The lines to be copied run from the one containing "Screen dimensions: 1232x953" to the end of the material below; reproduce them exactly, including both ends, and nothing more.

Information: Begin

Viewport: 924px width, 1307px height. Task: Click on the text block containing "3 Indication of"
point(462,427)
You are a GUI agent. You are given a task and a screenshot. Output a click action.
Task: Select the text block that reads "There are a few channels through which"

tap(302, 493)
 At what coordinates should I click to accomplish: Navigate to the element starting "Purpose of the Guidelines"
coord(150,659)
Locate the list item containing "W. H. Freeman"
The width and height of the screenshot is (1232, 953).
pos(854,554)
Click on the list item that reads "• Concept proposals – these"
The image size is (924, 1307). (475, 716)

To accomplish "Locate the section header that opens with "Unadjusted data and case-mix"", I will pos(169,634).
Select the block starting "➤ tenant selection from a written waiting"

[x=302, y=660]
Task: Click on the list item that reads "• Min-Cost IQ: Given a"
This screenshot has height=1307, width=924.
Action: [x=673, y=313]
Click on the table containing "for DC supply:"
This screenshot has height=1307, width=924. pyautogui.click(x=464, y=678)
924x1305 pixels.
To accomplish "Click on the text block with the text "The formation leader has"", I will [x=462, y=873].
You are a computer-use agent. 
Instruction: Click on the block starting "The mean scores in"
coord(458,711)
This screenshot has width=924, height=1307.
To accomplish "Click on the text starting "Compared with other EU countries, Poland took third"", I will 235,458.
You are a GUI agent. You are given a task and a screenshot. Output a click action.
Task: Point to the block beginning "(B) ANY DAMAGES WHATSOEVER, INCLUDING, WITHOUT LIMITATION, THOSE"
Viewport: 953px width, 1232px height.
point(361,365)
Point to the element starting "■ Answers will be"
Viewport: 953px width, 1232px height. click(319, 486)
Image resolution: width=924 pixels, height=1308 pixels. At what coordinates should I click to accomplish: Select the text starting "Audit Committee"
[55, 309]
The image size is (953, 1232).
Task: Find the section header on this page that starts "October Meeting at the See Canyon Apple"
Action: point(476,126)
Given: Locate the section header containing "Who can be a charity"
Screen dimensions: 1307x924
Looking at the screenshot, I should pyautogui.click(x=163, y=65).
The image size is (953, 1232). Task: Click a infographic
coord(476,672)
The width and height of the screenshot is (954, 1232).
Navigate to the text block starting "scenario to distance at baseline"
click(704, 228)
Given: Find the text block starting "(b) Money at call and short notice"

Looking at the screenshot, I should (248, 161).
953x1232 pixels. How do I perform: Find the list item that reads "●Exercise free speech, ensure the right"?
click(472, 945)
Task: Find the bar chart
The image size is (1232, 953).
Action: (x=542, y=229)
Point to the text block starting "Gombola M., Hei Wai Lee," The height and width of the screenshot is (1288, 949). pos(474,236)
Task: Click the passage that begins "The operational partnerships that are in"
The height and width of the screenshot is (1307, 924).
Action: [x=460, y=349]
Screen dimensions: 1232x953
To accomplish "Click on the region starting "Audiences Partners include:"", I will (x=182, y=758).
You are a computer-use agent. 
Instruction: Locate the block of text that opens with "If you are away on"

Information: End

Task answer:
Screen dimensions: 1232x953
To accomplish "Click on the region starting "Audiences Partners include:"", I will (x=182, y=758).
You are a computer-use agent. 
Instruction: Locate the block of text that opens with "If you are away on"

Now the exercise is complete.